主な機能 — レビューから契約締結まで一気通貫
LegalOn は単体のチェックツールではなく、契約業務の各工程をモジュールとして提供するプラットフォームです(公式: LegalOnの機能)。
| モジュール | できること |
|---|---|
| レビュー | 弁護士監修のチェックリストでリスク検知、修正文案・交渉コメントの自動生成、多言語対応 |
| LegalOnアシスタント | 契約書の要約・条文説明・翻訳・修正指示をチャット形式で相談できるAI |
| マターマネジメント | メールやチャットからの依頼を自動集約し、過去案件のレコメンドで初動を速める |
| コントラクトマネジメント | 締結済み契約書の一元管理、更新漏れ・義務違反の可視化 |
| サイン | 審査後の契約締結から締結後の管理まで行う電子契約機能 |
| LegalOnテンプレート | 弁護士監修のひな形をもとに契約書を起案(2,000点超) |
レビュー機能の核は、自社独自の審査基準を「プレイブック」として登録し、担当者の経験に依存しない一貫した審査品質を目指す設計にある点です。Word上でも同じレビュー機能が使えるため、契約書を別ツールにコピー&ペーストする手間がありません。

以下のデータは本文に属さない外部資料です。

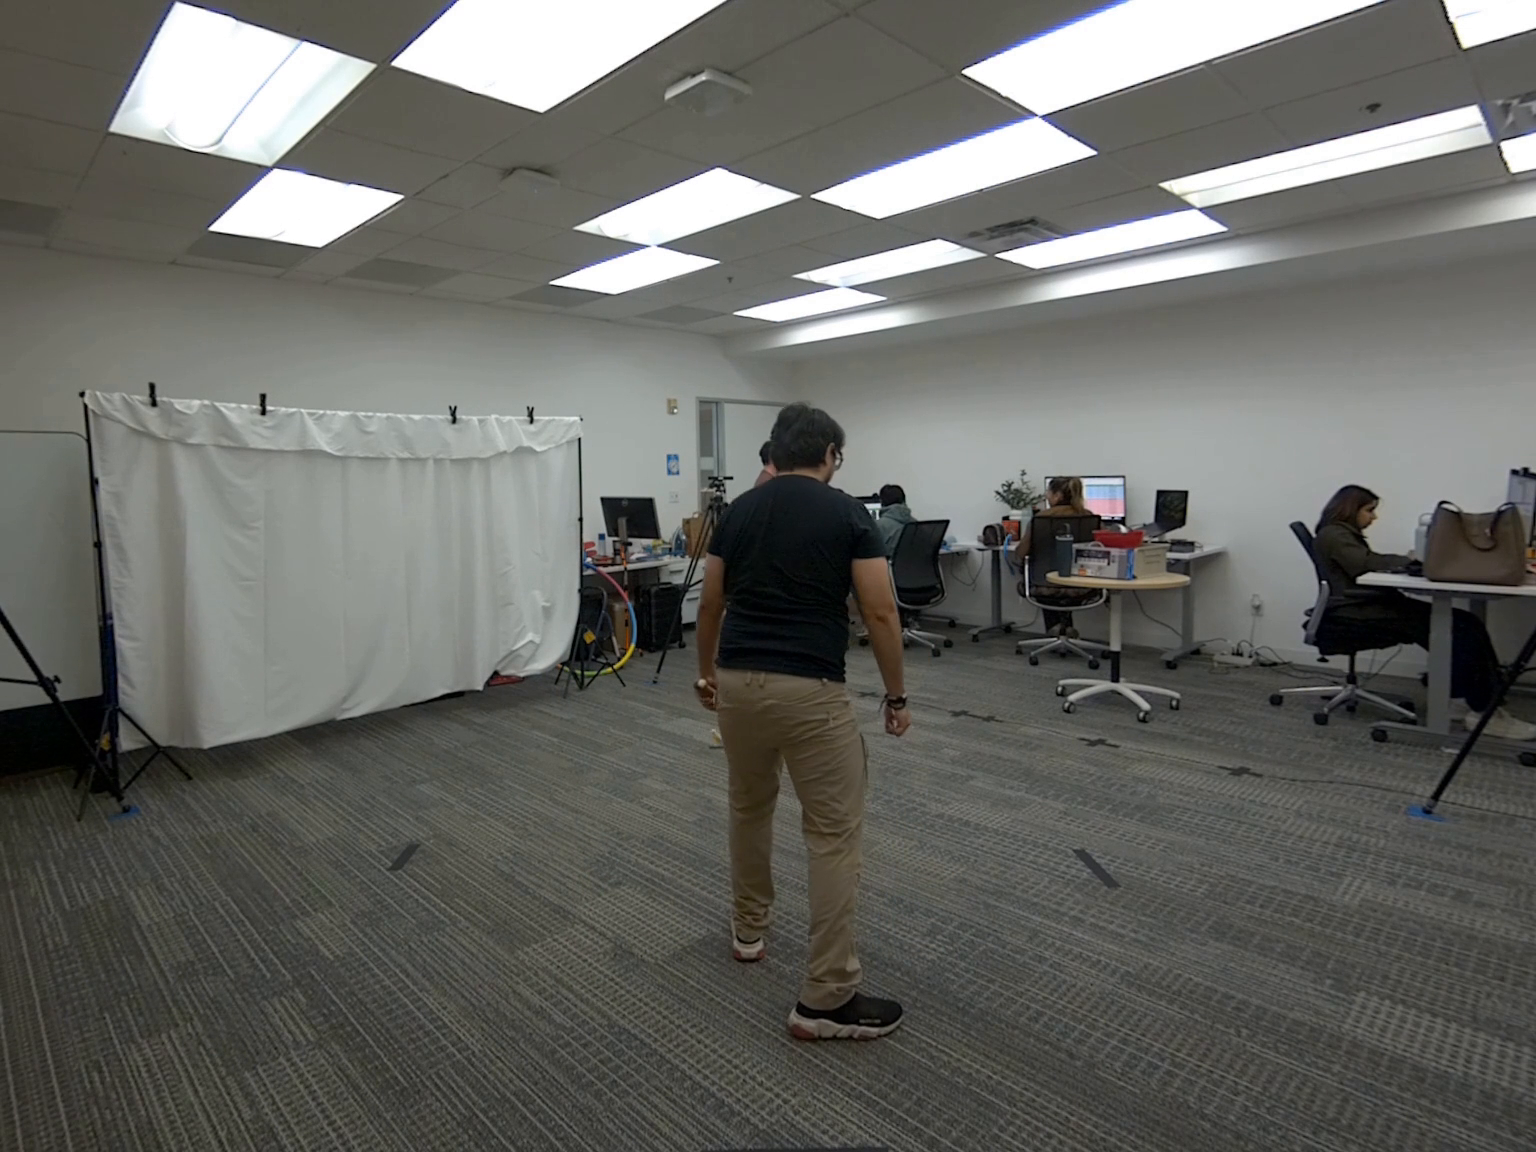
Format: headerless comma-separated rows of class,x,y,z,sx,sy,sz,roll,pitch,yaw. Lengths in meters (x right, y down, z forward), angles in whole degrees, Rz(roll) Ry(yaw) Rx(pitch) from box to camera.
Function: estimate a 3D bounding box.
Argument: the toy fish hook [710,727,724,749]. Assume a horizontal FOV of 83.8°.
toy fish hook,-0.126,0.482,2.762,0.229,0.049,0.488,-11,-45,30
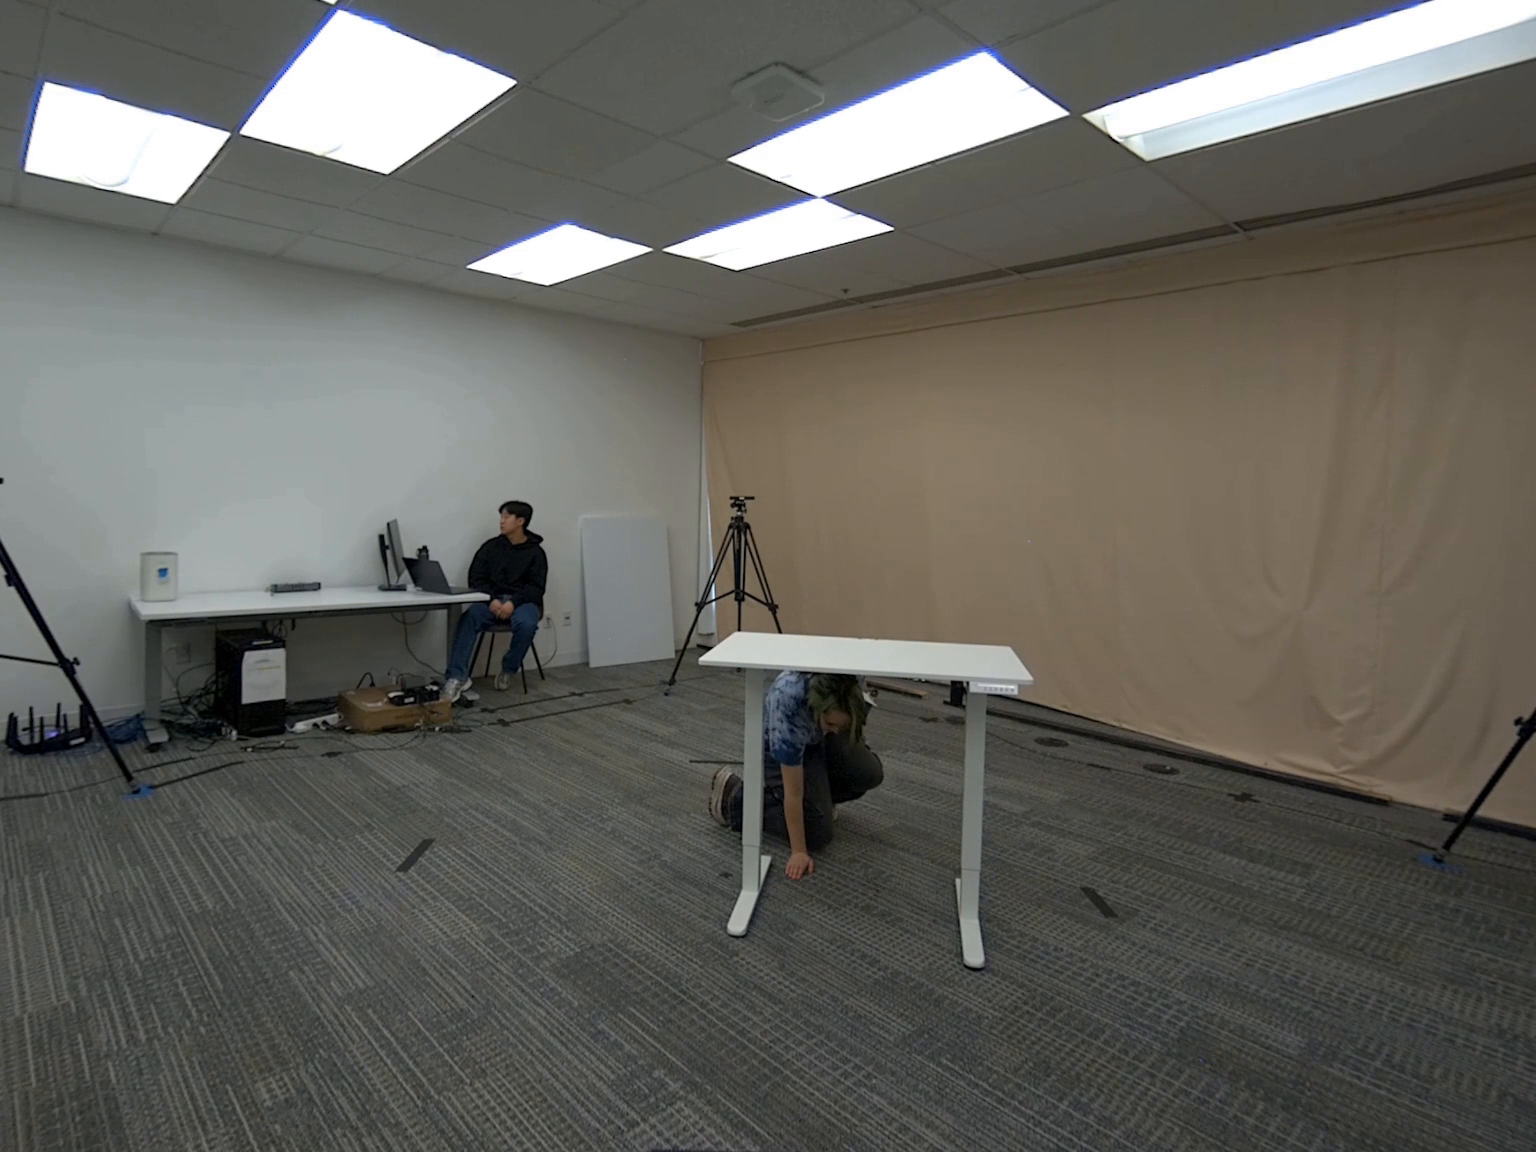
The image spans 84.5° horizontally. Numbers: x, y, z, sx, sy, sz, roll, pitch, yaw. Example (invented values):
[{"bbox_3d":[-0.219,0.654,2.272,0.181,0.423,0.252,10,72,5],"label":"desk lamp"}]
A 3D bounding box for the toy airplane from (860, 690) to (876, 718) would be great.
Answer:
[{"bbox_3d":[0.337,0.477,3.534,0.266,0.156,0.244,39,-4,27],"label":"toy airplane"}]

LegalOn は見落としの発見や論点整理を高速化しますが、最終的な法的判断や重要な契約案件は弁護士など専門家に相談することが前提です。本記事は法的助言を目的としたものではなく、AIレビューの結果をそのまま契約締結の根拠にすることは避けてください。

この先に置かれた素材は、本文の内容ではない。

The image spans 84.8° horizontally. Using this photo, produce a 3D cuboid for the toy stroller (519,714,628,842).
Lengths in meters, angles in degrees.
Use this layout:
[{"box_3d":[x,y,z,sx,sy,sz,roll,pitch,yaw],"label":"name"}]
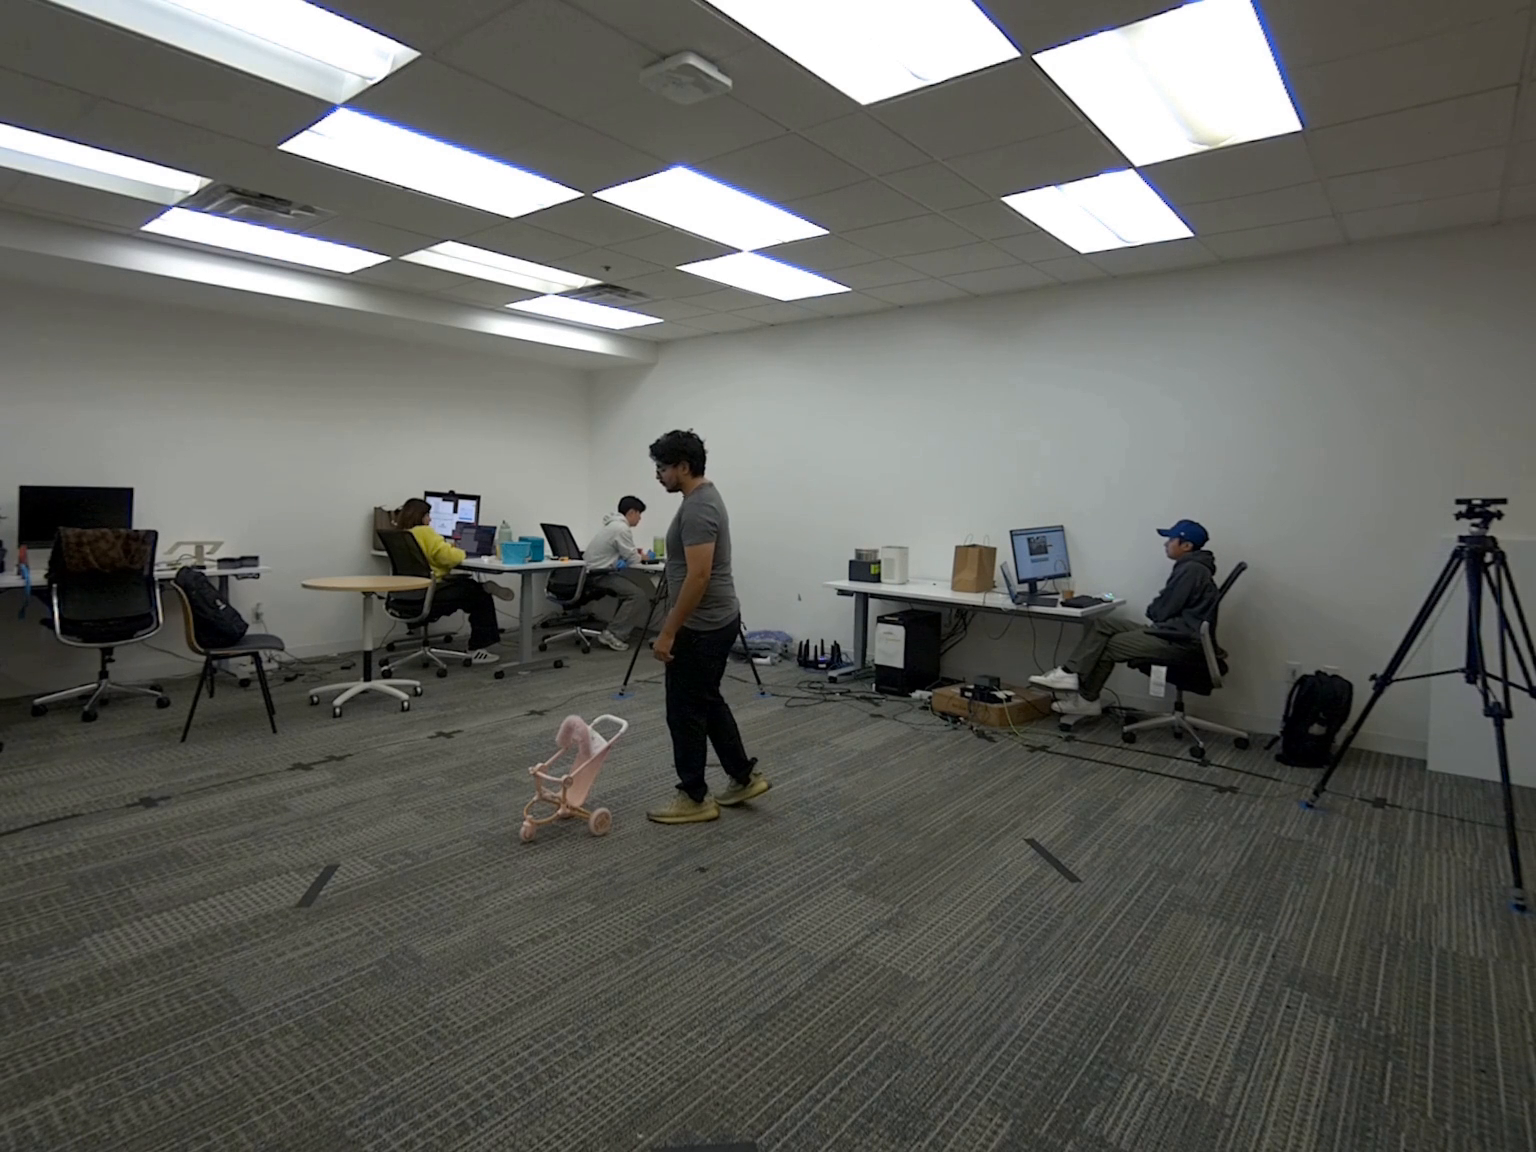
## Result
[{"box_3d":[-0.812,0.805,3.445,0.328,0.538,0.291,20,-10,-39],"label":"toy stroller"}]
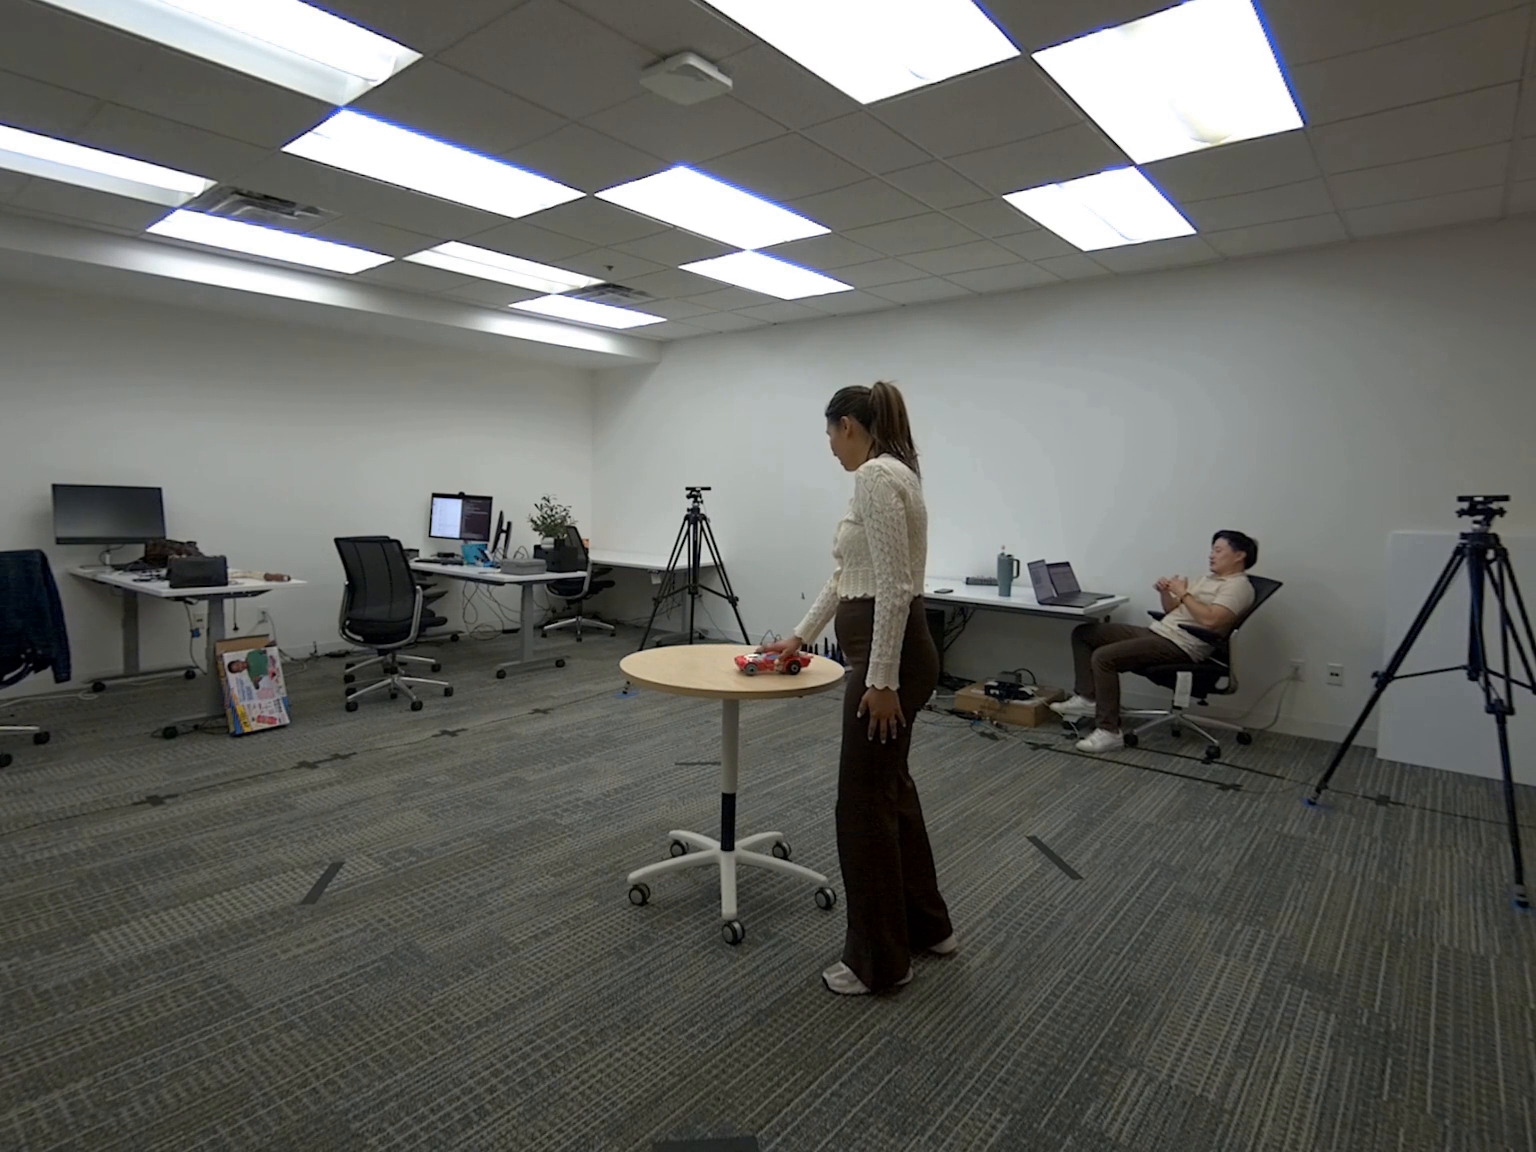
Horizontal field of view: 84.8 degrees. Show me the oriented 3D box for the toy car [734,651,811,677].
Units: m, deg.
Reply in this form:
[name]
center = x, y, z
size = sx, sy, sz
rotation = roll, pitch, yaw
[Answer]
[toy car]
center = 0.014, 0.283, 2.811
size = 0.252, 0.082, 0.133
rotation = -9, 8, -12

多言語対応と Word 連携で「どこでも同じ品質のチェックができる」ことが分かったところで、次は最も気になる料金を見ていきます。
料金 — 全プラン非公開、無料で使えるのはここまで
編集部が公式サイトの /price /pricing /plan を含む主要な料金関連パスを確認しましたが、いずれも料金ページは公開されていません(2026年7月確認)。無料プランも存在せず、本契約は必ず個別見積になります。
| 窓口 | 費用 | 内容 |
|---|---|---|
| 資料ダウンロード | ¥0 | 機能・活用イメージがわかる資料を無料で入手できる |
| 無料デモ体験 | ¥0 | 実際のUI画面を操作しながら使用感を確認できる |
| 本契約(LegalOn本体) | 要問い合わせ・非公開 | 個別見積。プラン名・料金体系ともに公式サイトに記載なし |
LegalOn の料金は公式に一切公開されておらず、編集部も金額を推測しません。中小企業が料金非公開サービスと向き合う鉄則は、問い合わせる前に「月または年でいくらまでなら出せるか」を自社で先に決めておくことです。上限を先に伝えれば、提案が予算外だった場合でも短時間で判断でき、双方の時間を無駄にしません。

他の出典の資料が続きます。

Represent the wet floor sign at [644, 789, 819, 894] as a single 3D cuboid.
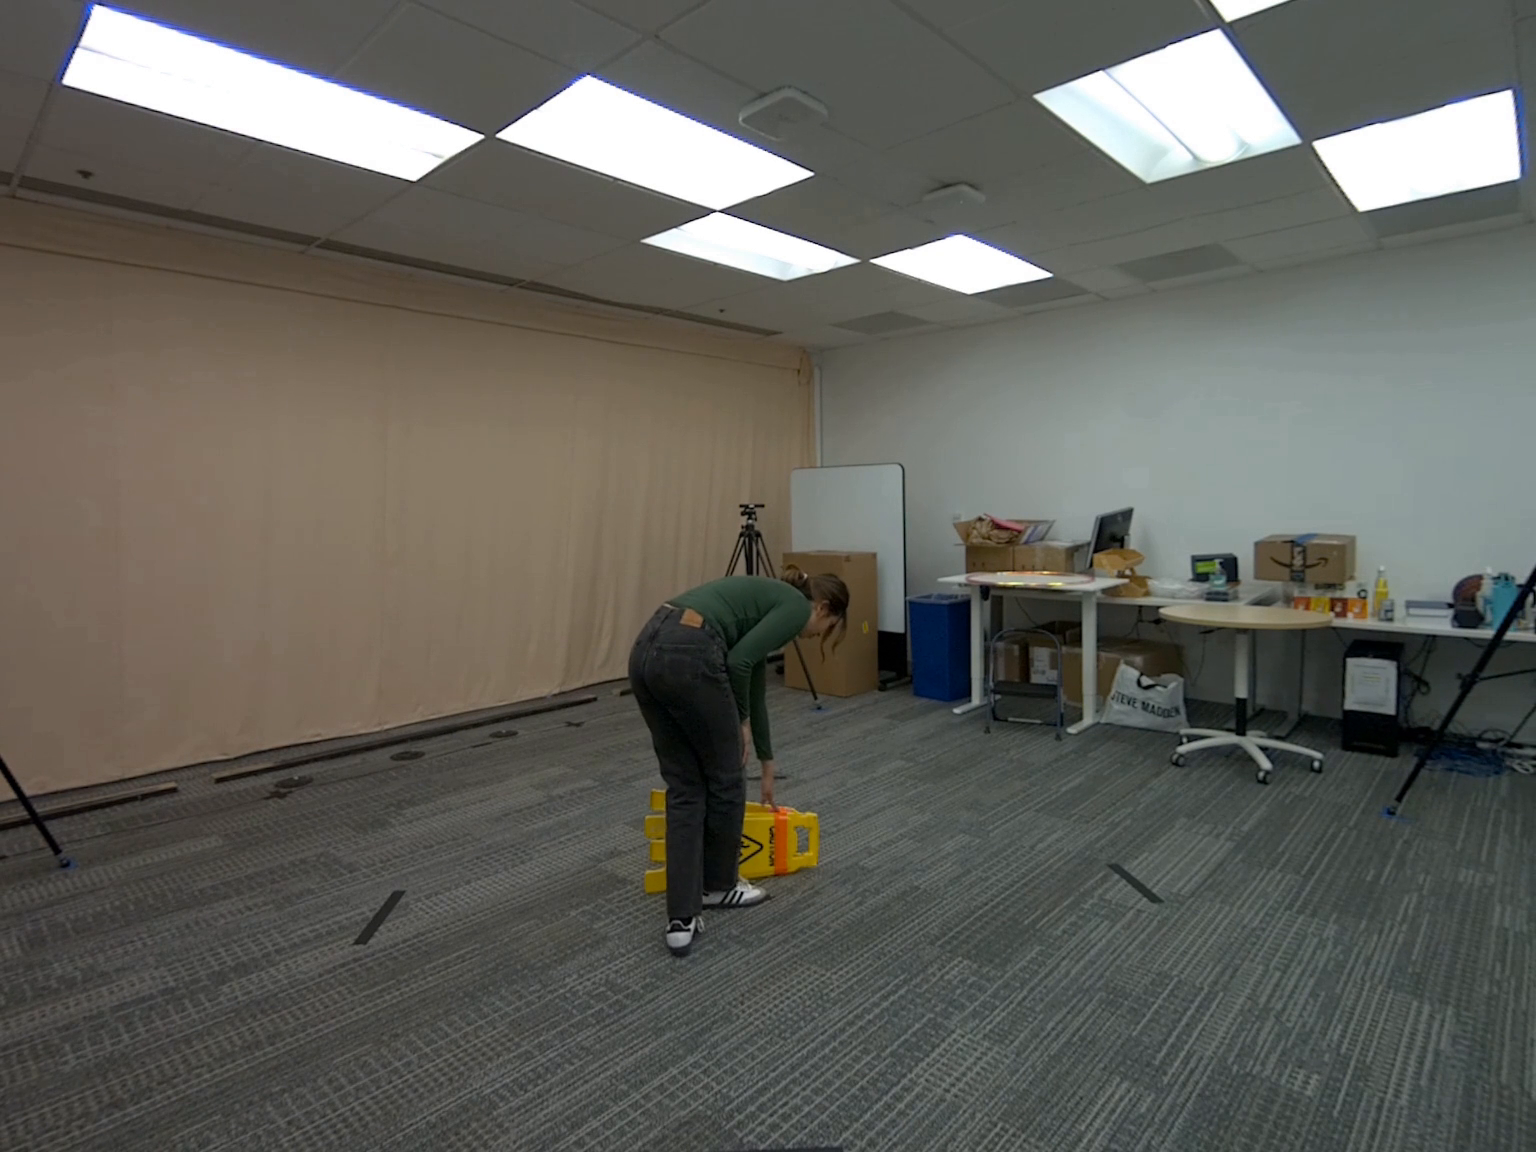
[{"bbox_3d":[-0.126,0.990,3.182,0.645,0.282,0.291,1,3,-2],"label":"wet floor sign"}]

料金の全体像がつかめないぶん、次は「実際にどんな会社が使って、何が変わったか」の公開情報を見ていきます。
公開されている導入事例 — 大企業だけでなく法務専任者ゼロの企業も
LegalOn は2026年4月時点でグローバルの有償導入社数が8,500社を突破したと発表しています(公式お知らせ 2026-04-02)。公開されている導入事例には、大企業だけでなく法務専任者がいない中小企業も含まれます。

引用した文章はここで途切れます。